Kylie Minogues erstes Weihnachtsalbum ist schon deshalb ziemlich gelungen, weil es den Kardinalfehler von Weihnachtsalben berühmter Sängerinnen und Sänger vermeidet: Heißgeliebten Klassikern einen allzu deutlichen "eigenen Klang" zu geben. Denn wenn man eines an Weihnachten nicht will, dann ist das der Bruch mit Traditionen zugunsten von weihnachtsfernen Arrangements. Kylie Minogue macht deshalb aus "Let It Snow" und "Stille Nacht" keine Dancepop-Nummern, sondern beschränkt Innovationen auf ein paar Gaststars: ein posthumes Duett mit Frank Sinatra, eins mit Iggy Pop und eins mit dem englischen Comedian James Corden.
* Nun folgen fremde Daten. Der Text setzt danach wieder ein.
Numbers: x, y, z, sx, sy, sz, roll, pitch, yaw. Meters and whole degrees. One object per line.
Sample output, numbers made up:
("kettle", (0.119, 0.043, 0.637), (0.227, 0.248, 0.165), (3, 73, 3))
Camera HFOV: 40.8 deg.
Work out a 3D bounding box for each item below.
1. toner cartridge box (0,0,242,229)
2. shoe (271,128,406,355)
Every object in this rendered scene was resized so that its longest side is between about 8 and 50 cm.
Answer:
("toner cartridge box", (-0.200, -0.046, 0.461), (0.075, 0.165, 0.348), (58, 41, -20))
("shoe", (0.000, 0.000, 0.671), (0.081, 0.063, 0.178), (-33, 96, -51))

Musikalisch hält sie sich weitgehend an den Klang derjenigen Dekade, die wie sonst keine Gemütlichkeit und heile Welt verspricht: die Fünfziger. Sie klingt dabei, wie sie auf dem Cover aussieht: Wie ein klassisches Pinup-Girl haucht, juchzt und singt sie immer so nah an der Stöhngrenze entlang, dass es auch damals gerade noch jugendfrei gewesen wäre.
Der beste Zeitpunkt, um auf Play zu drücken: Wenn man vor dem Heiligen Abend mit seinen familiären Herausforderungen und gewaltigen Essensmengen in Gang kommen will. Die Jazztrompeten schmettern fröhlich-blechern, die Streicher swingen und dazu singt Kylie Minogue ziemlich görig und immer ein bisschen ironisch. Alles eher bäm als pssst, also genau das Richtige, um sich nachmittags vom Sofa zu lösen, den rot-grün-goldenen Pailletten-Blazer anzuziehen und den Bart in Goldglitter zu tunken.
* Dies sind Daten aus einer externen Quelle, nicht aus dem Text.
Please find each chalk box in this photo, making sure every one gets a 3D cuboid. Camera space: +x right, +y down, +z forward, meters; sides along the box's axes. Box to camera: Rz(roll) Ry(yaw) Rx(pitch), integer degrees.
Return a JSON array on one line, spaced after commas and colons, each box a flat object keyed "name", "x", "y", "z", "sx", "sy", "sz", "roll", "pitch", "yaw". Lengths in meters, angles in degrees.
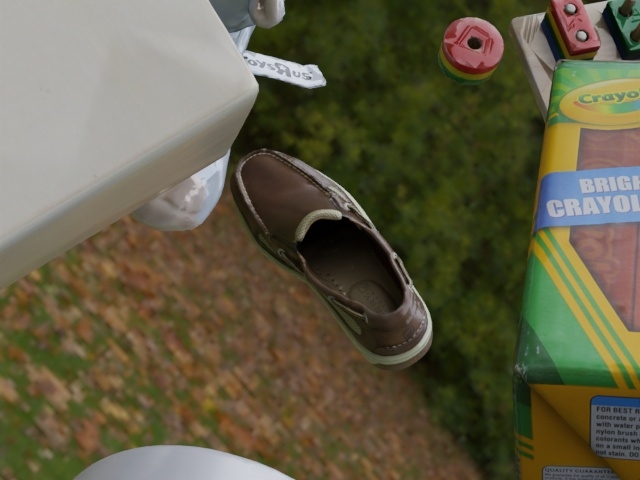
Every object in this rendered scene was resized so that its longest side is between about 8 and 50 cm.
[{"name": "chalk box", "x": 0.199, "y": 0.025, "z": 0.761, "sx": 0.289, "sy": 0.180, "sz": 0.179, "roll": -76, "pitch": 163, "yaw": -46}]

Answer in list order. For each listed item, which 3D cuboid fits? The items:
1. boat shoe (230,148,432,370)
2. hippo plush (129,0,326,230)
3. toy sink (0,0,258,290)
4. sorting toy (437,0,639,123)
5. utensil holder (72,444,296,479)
[{"name": "boat shoe", "x": 0.006, "y": -0.005, "z": 1.322, "sx": 0.257, "sy": 0.095, "sz": 0.095, "roll": 45, "pitch": -12, "yaw": 29}, {"name": "hippo plush", "x": -0.094, "y": -0.139, "z": 1.016, "sx": 0.236, "sy": 0.294, "sz": 0.234, "roll": 149, "pitch": -66, "yaw": -65}, {"name": "toy sink", "x": -0.150, "y": -0.098, "z": 0.514, "sx": 0.234, "sy": 0.153, "sz": 0.131, "roll": 57, "pitch": -11, "yaw": 0}, {"name": "sorting toy", "x": 0.233, "y": -0.129, "z": 1.126, "sx": 0.046, "sy": 0.274, "sz": 0.132, "roll": 107, "pitch": -32, "yaw": -63}, {"name": "utensil holder", "x": -0.128, "y": 0.387, "z": 1.102, "sx": 0.327, "sy": 0.327, "sz": 0.385, "roll": 47, "pitch": 36, "yaw": -16}]

Wo haben die Gestalter des CD-Covers eingekauft? Bei einer amerikanischen Unterwäschelinie, die ihre Models gern als Engel verkleidet.
Kylie Minogue: "Christmas"
(Foto: Parlophone Label Group/Warner Music)Wenn diese Platte ein Plätzchen wäre, dann wäre sie: Kein Plätzchen, das ist viel zu bescheiden-deutsch gedacht. Kylie Minogues Weihnachten ist ein gewaltiger Weihnachtsumzug auf der Fifth Avenue. Wiedergeboren als Gebäck wäre das Album eine Lebkuchen-Villa, deren Wände dick mit Zuckerguss überzogen sind. Davor tanzen Spekulatius-Männchen durch ein Spalier aus rot-weißen Zuckerstangen, aus dem Schornstein steigt ein Rauchfähnchen aus rosa Baiser.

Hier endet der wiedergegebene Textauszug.